- The Washington Times - Friday, August 4, 2000

PHILADELPHIA — An international group of Republicans is mobilizing six million "stealth voters" living overseas to cast absentee ballots before October for Gov. George W. Bush and the party's congressional candidates.
"They are a very obscure and forgotten set of voters and the party's secret weapon," said Michael J. Jones, executive director of Republicans Abroad International.
While those six million voters are not all registered Republicans, they share the same views as the party and historically vote Republican, Mr. Jones said.
More than 80 percent voted Republican in the 1996 election and are credited with electing Republicans in 15 tough congressional elections. Sen. Connie Mack of Florida says absentee voters put him over the top to win his seat in 1988.
"We create election surprises," said Mindy Poole Chebout, a South Carolina native who now lives with her husband in Paris.
Americans living overseas are far from apathetic about party politics and the upcoming election, Mr. Jones said.

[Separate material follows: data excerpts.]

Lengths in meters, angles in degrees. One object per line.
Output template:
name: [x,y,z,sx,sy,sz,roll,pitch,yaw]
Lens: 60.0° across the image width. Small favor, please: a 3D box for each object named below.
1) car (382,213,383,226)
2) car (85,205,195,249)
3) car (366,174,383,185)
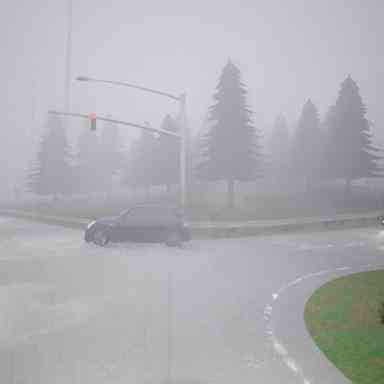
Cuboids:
car: [12.421,1.023,18.101,4.553,1.767,2.097,-3,1,-30]
car: [-2.183,1.352,14.291,4.553,1.767,2.097,0,0,7]
car: [28.058,-2.135,51.173,2.150,2.045,5.566,0,5,25]
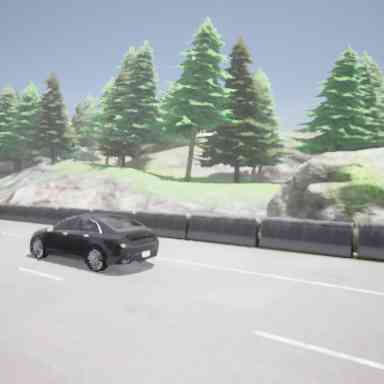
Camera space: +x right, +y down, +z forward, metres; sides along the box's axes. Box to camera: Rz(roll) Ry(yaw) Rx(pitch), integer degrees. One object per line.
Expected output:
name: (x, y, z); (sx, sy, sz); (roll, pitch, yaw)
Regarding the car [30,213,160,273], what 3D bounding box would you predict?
car: (-3.240, 1.449, 10.602); (4.892, 1.490, 1.837); (0, 0, 36)

"Something metaphysical happens when they move overseas," he said. "These are patriotic people who don't have the freedoms they had in America, or the infrastructure. They get misty-eyed over what a wonderful place we have, and they see first hand how important it is to protect our freedom by voting."
Trade, taxes, education and defense are the issues ex-patriots are clamoring about in this year's election, and party officials at the Republican National Convention are listening.
Military personnel stationed overseas represent the largest block of absentee voters. They were sent a message from vice presidential candidate Dick Cheney during his acceptance speech Wednesday night.
"For eight years, Clinton and Gore have extended our military commitments while depleting our military power," Mr. Cheney said. "Rarely has so much been demanded of our armed forces and so little given to them in return."
If elected, Mr. Cheney said he and Mr. Bush would reverse that trend and provide better training, equipment and leaders they would be proud to serve.
"I can promise them now, help is on the way," Mr. Cheney said to a cheering crowd.
John W. Wood, chairman of Republicans abroad, was given the opportunity to address party delegates on the convention floor earlier in the week.
"For the last eight years, we Republicans Abroad have had ringside seats as America's strengths increased, and respect for America's political leadership decreased," Mr. Wood said.
"We've watched as — having emerged from the exhausting struggles of the Cold War — the world turned to the solo superpower for steadiness and purpose, only to be greeted with the sad spectacle of the Clinton/Gore administration," Mr. Wood said.
Former Secretary of State George Schultz and several members of the House and Senate spoke at the group's daily meetings throughout the week, and some are planning to travel abroad to hold town meetings, which they hope will encourage Americans to vote Republican.
Public events are being planned for the Philippines, Japan, Egypt, France, the United Kingdom, Germany and Costa Rica.
James Baker, former Reagan chief of staff and Treasury Secretary, has agreed to tape television advertisements urging Americans to cast absentee ballots.
"We are not doing issue ads or promoting specific candidates, because we know more votes in general, mean more votes for the Republican party," Mr. Jones said.